Bayer's consumer medications will be joined by Roche's OTC products.

Although some analysts are complaining that the sale price of $2.9 billion is too high, the figure is only slightly more than expected, according to Phillips. "When you look at Bayer's acquisitions over the past few years," he says, "Bayer tends to pay top whack for what they want, to make sure they get it."

Moreover, the purchase includes more than originally expected: In addition to Roche's consumer health division and production sites in Germany, France, Argentina, Morocco, and Indonesia, Bayer also gets Roche's 50% stake in the two firms' U.S. joint venture. Only the OTC business of Japan's Chugai, in which Roche has a majority stake, is not included.

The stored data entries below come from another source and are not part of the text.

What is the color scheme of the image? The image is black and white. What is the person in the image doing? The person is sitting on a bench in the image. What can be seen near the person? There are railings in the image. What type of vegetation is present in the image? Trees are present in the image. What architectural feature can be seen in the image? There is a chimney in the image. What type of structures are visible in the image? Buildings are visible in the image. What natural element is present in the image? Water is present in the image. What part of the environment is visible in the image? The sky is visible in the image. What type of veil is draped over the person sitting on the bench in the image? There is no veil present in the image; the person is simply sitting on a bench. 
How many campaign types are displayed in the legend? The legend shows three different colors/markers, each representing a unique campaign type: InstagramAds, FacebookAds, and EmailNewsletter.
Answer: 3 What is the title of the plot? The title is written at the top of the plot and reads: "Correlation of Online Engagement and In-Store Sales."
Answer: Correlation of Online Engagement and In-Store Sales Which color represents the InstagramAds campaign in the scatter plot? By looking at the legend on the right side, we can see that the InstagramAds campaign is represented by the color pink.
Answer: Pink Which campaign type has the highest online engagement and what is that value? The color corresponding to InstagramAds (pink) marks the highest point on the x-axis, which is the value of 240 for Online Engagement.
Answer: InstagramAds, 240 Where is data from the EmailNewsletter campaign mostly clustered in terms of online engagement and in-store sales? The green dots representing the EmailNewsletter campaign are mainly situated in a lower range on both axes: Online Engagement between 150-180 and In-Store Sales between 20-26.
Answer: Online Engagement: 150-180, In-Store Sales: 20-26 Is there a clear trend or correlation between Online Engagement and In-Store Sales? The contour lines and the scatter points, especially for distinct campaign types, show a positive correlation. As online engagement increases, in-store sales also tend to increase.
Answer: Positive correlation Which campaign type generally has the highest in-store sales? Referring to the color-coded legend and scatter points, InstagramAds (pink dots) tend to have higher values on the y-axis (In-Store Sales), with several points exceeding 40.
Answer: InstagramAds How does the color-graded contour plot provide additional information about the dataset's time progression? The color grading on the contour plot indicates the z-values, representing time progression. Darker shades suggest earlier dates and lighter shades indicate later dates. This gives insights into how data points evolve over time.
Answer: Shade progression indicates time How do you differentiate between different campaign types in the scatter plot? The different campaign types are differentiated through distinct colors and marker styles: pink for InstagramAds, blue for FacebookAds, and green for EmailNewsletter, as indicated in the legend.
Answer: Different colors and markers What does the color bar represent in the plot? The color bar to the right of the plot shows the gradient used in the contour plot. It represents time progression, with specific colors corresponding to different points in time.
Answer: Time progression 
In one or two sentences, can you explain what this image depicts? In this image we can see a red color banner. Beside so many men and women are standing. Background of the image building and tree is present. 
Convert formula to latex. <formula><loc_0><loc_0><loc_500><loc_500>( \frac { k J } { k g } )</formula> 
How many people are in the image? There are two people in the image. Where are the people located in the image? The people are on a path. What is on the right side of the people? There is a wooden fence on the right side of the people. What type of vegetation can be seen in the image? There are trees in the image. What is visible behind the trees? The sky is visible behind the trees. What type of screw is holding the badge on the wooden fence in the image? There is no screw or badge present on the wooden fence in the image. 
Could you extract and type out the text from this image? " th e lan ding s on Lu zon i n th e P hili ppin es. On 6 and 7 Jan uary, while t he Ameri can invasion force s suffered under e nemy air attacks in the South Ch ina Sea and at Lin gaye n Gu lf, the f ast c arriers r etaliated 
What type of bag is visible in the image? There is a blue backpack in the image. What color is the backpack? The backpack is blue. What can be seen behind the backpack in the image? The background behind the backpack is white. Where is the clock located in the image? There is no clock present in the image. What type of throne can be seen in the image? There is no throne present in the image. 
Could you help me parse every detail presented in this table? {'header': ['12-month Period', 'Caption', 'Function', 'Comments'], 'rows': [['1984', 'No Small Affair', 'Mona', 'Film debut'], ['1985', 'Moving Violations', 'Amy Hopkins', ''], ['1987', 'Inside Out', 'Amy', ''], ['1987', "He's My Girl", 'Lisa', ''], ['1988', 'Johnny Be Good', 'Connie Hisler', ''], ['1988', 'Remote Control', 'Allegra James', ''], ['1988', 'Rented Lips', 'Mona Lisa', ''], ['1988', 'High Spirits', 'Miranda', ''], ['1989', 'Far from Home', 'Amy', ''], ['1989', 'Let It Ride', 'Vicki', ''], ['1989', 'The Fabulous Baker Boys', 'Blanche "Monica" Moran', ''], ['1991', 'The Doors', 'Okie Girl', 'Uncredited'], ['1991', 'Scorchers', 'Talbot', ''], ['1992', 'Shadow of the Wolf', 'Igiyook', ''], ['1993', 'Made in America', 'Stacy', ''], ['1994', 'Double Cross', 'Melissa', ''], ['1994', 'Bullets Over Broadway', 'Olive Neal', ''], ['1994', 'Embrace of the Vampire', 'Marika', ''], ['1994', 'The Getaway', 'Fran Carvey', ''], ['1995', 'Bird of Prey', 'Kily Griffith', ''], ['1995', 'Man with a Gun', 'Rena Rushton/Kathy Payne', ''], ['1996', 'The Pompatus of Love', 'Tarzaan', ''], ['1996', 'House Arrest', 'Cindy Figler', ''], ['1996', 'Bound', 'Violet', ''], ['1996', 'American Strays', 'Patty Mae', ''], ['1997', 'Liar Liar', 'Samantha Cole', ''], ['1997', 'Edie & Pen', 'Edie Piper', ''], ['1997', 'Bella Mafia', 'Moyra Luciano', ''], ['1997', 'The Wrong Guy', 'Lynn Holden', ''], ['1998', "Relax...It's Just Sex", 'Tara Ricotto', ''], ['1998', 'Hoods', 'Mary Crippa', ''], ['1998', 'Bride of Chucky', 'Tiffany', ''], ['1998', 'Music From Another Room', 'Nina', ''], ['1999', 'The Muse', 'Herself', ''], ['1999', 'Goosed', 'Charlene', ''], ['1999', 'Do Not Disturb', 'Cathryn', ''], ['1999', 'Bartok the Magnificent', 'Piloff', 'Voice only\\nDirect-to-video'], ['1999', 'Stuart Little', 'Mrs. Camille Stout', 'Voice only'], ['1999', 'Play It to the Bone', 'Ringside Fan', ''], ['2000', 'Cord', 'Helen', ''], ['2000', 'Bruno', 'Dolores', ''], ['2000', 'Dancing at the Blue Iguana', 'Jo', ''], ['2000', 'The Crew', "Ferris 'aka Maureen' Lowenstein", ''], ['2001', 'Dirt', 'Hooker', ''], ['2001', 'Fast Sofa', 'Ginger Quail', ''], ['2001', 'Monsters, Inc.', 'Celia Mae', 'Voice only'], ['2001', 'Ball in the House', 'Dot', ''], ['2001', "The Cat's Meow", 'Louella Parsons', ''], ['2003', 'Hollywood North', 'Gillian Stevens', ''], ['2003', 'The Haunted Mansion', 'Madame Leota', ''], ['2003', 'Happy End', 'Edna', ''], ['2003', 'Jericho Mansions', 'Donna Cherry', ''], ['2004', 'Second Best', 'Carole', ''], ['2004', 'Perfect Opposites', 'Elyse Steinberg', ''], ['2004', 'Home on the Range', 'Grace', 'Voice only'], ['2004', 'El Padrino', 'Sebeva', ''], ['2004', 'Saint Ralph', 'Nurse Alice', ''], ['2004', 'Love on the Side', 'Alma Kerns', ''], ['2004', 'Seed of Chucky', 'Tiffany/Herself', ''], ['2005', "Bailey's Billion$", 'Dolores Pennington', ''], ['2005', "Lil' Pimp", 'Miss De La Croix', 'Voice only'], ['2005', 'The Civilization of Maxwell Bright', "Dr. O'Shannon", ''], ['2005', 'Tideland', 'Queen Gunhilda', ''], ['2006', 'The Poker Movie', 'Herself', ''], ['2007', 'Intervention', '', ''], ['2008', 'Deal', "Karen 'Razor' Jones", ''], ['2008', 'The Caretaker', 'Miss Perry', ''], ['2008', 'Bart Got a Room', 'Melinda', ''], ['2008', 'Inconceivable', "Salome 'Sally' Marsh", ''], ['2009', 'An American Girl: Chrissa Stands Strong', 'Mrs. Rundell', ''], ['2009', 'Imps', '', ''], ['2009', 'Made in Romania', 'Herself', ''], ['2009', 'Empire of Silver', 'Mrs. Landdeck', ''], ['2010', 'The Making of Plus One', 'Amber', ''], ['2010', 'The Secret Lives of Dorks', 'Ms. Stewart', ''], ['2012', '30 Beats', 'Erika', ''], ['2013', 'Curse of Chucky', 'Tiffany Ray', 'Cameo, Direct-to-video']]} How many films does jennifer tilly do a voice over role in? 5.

"It is our intention to further strengthen Bayer's OTC business to become world leader, and with this acquisition we make another large step toward this goal," Bayer Chairman Werner Wenning says.

Meanwhile, Bayer has decided that the current stock market climate is so unfavorable to initial public offerings that it will instead spin off Lanxess by issuing shares to current Bayer shareholders. A stock exchange listing is planned for early next year; Bayer will not retain an ownership stake.

The split will leave Bayer with annual sales of about $28 billion, at current exchange rates, in its selected high-value-added industry sectors. Lanxess will have sales running at more than $7 billion in more commodity-oriented chemicals and polymers.

Bayer will hold a shareholders meeting in mid-November to vote on the spin-off proposal. By that time, the company says, a full evaluation of pricing and other details will be completed.

The company will not comment on press reports that private equity firms Bain Capital and the Carlyle Group are in a bidding battle for the blood plasma operations, which investment bankers Morgan Stanley have been trying to sell for Bayer since last year. The sale is expected to be wrapped up in the next several months. Bayer wants to keep the jewel of the blood plasma business, the genetically engineered hemophilia treatment Kogenate.